→ TASK STATEMENT: Omit every picture, then return the listing verbatim.

Start of MATERIAL PROVIDED

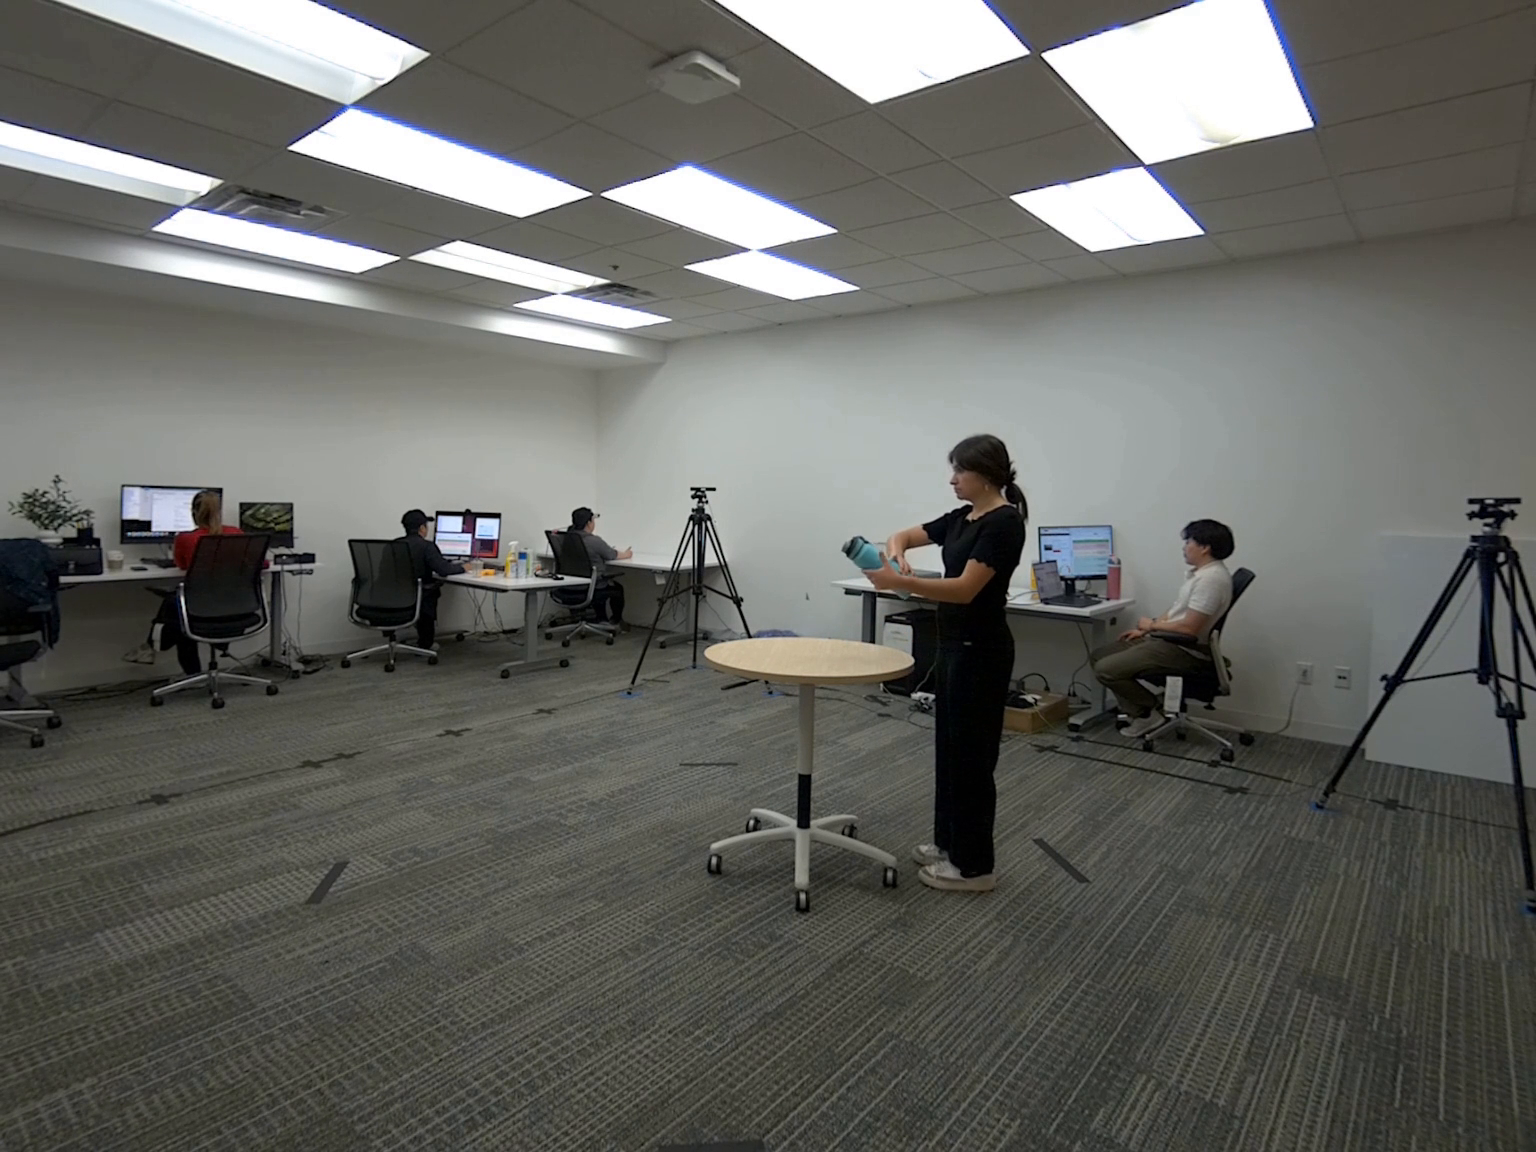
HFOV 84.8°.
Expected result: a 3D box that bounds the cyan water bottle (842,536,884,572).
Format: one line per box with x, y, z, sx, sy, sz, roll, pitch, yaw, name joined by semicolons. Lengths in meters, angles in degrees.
0.378;-0.044;2.983;0.284;0.092;0.092;34;5;2;cyan water bottle

End of MATERIAL PROVIDED

→ EXPECTED ANSWER:
HFOV 84.8°.
Expected result: a 3D box that bounds the cyan water bottle (842,536,884,572).
Format: one line per box with x, y, z, sx, sy, sz, roll, pitch, yaw, name joined by semicolons. Lengths in meters, angles in degrees.
0.378;-0.044;2.983;0.284;0.092;0.092;34;5;2;cyan water bottle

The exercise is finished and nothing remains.